¿Podemos conservar la alegría en medio del dolor, de los sufrimientos morales, de los apuros económicos o padeciendo una penosa y grave enfermedad?
Indudablemente es algo arduo de comprender ya que no se puede ocultar que el dolor ‘duele’ –como escribía el autor inglés C. S. Lewis- y en no pocas ocasiones, se sufre de modo intenso. Porque en el paso por esta vida no faltan los tragos amargos, las duras pruebas, las situaciones difíciles…
En una sociedad en que se enaltece el placer por el placer mismo, donde se vive el materialismo hedonista a ultranza, basta con echar un vistazo a la publicidad y a los mensajes subliminales de algunos seriales de televisión o películas en los que se presenta un mundo ficticio donde se suceden un conjunto de placeres aparentemente inacabables con goces supuestamente interminables… Todo ese ambiente artificial, desde luego, no corresponde a la realidad cotidiana a la que las personas habitualmente se enfrentan por ello es que producen hartazgo o rechazo por su falsedad y vacuidad.
Es verdad que la vida ofrece placeres sanos y sensaciones de bienestar que brindan alegría y contento, pero paralelamente también se experimentan: la insatisfacción, la desazón, la molestia, el malestar… Son los normales claroscuros de la existencia humana.
¿Qué hacer entonces cuando, por ejemplo, se padece una enfermedad crónica e incurable? Algunos pensadores recomiendan simplemente: aceptar los males y contradicciones de la vida “con resignación”.

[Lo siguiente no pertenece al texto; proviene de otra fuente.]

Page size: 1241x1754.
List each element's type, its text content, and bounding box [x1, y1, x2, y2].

Hace muchos siglos, el filósofo Zenón de Citium, iniciador de la escuela Estoica, afirmaba que “el hombre debe de aceptar la fatalidad universal”. Esto se traduciría en no desear nada agradable; recibir con frialdad el dolor y, sobre todo, mantenerse imperturbable en la conducta. Ésta es la llamada “apatía estoica”. Este tipo de enfoques siempre me han parecido pobres y muy limitados, además de que no van de acuerdo con la naturaleza humana que busca y anhela la verdadera felicidad.

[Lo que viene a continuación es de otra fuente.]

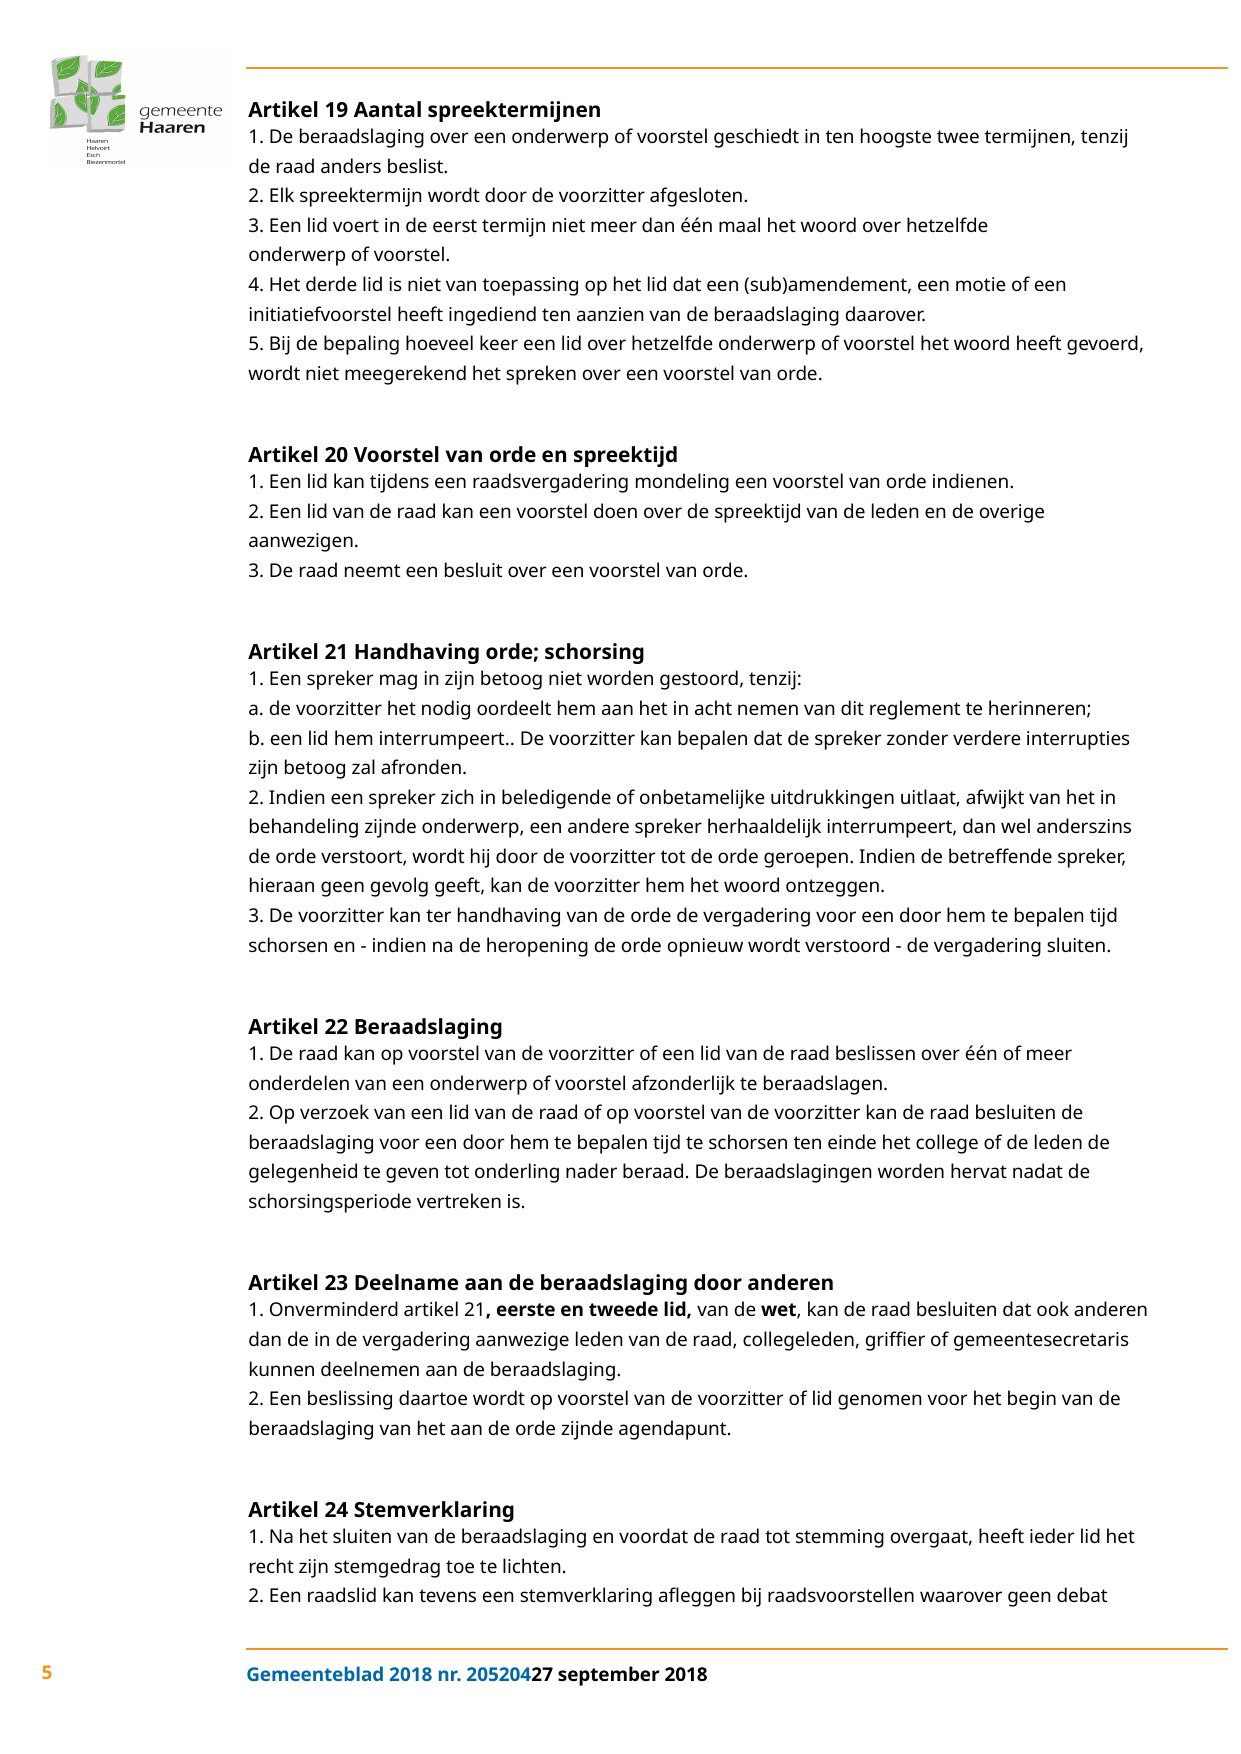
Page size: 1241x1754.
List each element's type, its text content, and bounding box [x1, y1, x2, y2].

text Artikel 19 Aantal spreektermijnen [248, 95, 1152, 123]
text 4. Het derde lid is niet van toepassing op het lid dat een (sub)amendement, een motie of een initiatiefvoorstel heeft ingediend ten aanzien van de beraadslaging daarover. [248, 271, 1152, 326]
text 5. Bij de bepaling hoeveel keer een lid over hetzelfde onderwerp of voorstel het woord heeft gevoerd, wordt niet meegerekend het spreken over een voorstel van orde. [248, 330, 1152, 386]
text 3. De voorzitter kan ter handhaving van de orde de vergadering voor een door hem te bepalen tijd schorsen en - indien na de heropening de orde opnieuw wordt verstoord - de vergadering sluiten. [248, 902, 1152, 957]
text onderwerp of voorstel. [248, 242, 1152, 267]
picture [41, 47, 231, 172]
text 1. Onverminderd artikel 21, eerste en tweede lid, van de wet, kan de raad besluiten dat ook anderen dan de in de vergadering aanwezige leden van de raad, collegeleden, griffier of gemeentesecretaris kunnen deelnemen aan de beraadslaging. [248, 1297, 1152, 1381]
text 1. Een lid kan tijdens een raadsvergadering mondeling een voorstel van orde indienen. [248, 468, 1152, 494]
text 1. De raad kan op voorstel van de voorzitter of een lid van de raad beslissen over één of meer onderdelen van een onderwerp of voorstel afzonderlijk te beraadslagen. [248, 1040, 1152, 1096]
text Artikel 20 Voorstel van orde en spreektijd [248, 440, 1152, 468]
text 2. Een raadslid kan tevens een stemverklaring afleggen bij raadsvoorstellen waarover geen debat [248, 1582, 1152, 1608]
text 1. De beraadslaging over een onderwerp of voorstel geschiedt in ten hoogste twee termijnen, tenzij de raad anders beslist. [248, 123, 1152, 178]
text 1. Na het sluiten van de beraadslaging en voordat de raad tot stemming overgaat, heeft ieder lid het recht zijn stemgedrag toe te lichten. [248, 1523, 1152, 1579]
text b. een lid hem interrumpeert.. De voorzitter kan bepalen dat de spreker zonder verdere interrupties zijn betoog zal afronden. [248, 725, 1152, 780]
text Artikel 24 Stemverklaring [248, 1495, 1152, 1523]
text Artikel 21 Handhaving orde; schorsing [248, 637, 1152, 666]
text 3. Een lid voert in de eerst termijn niet meer dan één maal het woord over hetzelfde [248, 212, 1152, 238]
text 2. Op verzoek van een lid van de raad of op voorstel van de voorzitter kan de raad besluiten de beraadslaging voor een door hem te bepalen tijd te schorsen ten einde het college of de leden de gelegenheid te geven tot onderling nader beraad. De beraadslagingen worden hervat nadat de schorsingsperiode vertreken is. [248, 1099, 1152, 1214]
text 3. De raad neemt een besluit over een voorstel van orde. [248, 557, 1152, 583]
text a. de voorzitter het nodig oordeelt hem aan het in acht nemen van dit reglement te herinneren; [248, 695, 1152, 721]
text 2. Indien een spreker zich in beledigende of onbetamelijke uitdrukkingen uitlaat, afwijkt van het in behandeling zijnde onderwerp, een andere spreker herhaaldelijk interrumpeert, dan wel anderszins de orde verstoort, wordt hij door de voorzitter tot de orde geroepen. Indien de betreffende spreker, hieraan geen gevolg geeft, kan de voorzitter hem het woord ontzeggen. [248, 784, 1152, 898]
text Artikel 22 Beraadslaging [248, 1012, 1152, 1040]
text 2. Een lid van de raad kan een voorstel doen over de spreektijd van de leden en de overige aanwezigen. [248, 498, 1152, 553]
text 2. Elk spreektermijn wordt door de voorzitter afgesloten. [248, 182, 1152, 208]
text 1. Een spreker mag in zijn betoog niet worden gestoord, tenzij: [248, 666, 1152, 691]
text Artikel 23 Deelname aan de beraadslaging door anderen [248, 1268, 1152, 1297]
text 2. Een beslissing daartoe wordt op voorstel van de voorzitter of lid genomen voor het begin van de beraadslaging van het aan de orde zijnde agendapunt. [248, 1385, 1152, 1441]

¿Cómo visualizar, entonces, en forma correcta, al problema del sufrimiento humano? La gran respuesta la da el cristianismo. Y es ésta: Jesucristo padeció y murió por amor a nosotros; por cada mujer y cada hombre de todos los tiempos y se dejó clavar en una cruz; sufrió hasta lo indecible para purificarnos de nuestros pecados. Con intenso dolor -mediante su Pasión y Muerte, y luego, con su gloriosa resurrección-, redimió a la humanidad entera y nos abrió las puertas del Cielo.

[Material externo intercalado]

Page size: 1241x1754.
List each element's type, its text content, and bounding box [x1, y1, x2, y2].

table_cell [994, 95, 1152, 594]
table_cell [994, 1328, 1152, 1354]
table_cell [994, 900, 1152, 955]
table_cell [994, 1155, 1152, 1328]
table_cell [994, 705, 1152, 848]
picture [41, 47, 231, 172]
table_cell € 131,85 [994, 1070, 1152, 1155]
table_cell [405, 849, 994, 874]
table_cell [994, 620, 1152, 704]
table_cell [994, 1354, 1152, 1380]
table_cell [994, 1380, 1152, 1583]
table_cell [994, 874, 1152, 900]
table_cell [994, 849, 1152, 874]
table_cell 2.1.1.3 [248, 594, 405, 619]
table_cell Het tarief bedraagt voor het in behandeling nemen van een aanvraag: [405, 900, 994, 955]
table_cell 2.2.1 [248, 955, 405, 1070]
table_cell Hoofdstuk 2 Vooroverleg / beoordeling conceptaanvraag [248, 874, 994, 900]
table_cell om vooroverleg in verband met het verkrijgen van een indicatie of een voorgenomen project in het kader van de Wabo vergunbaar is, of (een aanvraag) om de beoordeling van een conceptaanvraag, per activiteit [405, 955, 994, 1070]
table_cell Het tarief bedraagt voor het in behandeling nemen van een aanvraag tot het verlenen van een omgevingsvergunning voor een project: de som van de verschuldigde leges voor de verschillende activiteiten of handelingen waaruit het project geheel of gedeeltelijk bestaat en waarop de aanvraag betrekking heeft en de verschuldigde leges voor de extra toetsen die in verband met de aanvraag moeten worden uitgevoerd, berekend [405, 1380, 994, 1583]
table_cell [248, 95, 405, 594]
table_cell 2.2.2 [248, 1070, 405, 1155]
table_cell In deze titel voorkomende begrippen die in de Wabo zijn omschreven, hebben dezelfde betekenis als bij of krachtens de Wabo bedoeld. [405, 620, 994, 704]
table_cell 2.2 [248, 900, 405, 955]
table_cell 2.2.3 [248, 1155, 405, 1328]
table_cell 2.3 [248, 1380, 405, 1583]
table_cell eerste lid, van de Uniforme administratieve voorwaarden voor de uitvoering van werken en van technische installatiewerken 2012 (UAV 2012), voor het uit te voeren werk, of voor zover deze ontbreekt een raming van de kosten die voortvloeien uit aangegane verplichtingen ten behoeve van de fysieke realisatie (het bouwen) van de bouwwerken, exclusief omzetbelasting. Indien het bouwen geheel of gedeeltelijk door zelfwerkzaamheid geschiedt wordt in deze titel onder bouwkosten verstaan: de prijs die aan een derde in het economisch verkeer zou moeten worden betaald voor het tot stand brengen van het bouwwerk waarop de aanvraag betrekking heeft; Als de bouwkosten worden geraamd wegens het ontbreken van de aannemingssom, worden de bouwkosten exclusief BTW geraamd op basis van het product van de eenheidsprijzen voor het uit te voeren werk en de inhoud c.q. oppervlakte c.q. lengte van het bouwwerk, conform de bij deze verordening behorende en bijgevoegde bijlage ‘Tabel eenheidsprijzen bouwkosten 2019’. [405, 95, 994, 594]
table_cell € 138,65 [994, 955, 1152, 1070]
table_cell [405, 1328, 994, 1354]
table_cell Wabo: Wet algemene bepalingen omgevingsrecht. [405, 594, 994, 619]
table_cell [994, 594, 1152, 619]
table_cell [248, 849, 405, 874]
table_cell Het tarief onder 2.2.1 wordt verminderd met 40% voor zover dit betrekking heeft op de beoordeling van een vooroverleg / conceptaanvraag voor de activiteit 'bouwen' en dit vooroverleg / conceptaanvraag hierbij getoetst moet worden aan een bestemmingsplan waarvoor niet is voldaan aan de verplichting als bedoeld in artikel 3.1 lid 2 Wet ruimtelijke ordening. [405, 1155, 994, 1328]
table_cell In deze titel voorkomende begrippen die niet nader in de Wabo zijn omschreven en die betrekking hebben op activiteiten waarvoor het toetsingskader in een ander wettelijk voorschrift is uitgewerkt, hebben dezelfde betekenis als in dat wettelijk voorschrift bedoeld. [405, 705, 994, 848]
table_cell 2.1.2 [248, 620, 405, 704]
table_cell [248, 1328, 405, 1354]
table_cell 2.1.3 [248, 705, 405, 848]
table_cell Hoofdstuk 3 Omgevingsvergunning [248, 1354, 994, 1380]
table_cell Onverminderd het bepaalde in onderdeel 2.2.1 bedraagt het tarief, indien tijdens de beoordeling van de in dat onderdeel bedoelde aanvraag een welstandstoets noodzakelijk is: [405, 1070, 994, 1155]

A partir de ese momento -tan trascendental en la historia del género humano-, el dolor ha dejado de significar una maldición, un hecho desafortunado, para convertirse en un camino de salvación de los hombres. Si el enfermo se une a los sufrimientos que tuvo Cristo en la cruz también se opera, de un modo maravilloso, una silenciosa pero real labor de colaboración en la Redención efectuada por Jesucristo.
Dicho en otras palabras, un enfermo puede estar ofreciendo todos sus sufrimientos y malestares por su esposa, sus hijos, sus familiares y amistades; por el Papa, la Iglesia, por las vocaciones y la santidad de los sacerdotes, religiosos y laicos; por los cristianos maltratados y perseguidos; por su país y la paz del mundo, ¡y por tantas cosas más! Es un purificador y eficaz modo de orar ante Dios.
He visto morir a muchos enfermos con una gran paz y alegría en medio de tremendos dolores porque habían descubierto el sentido trascendente y esperanzador del sufrimiento humano. Es decir, padecieron por amor siguiendo el ejemplo y los pasos del Maestro.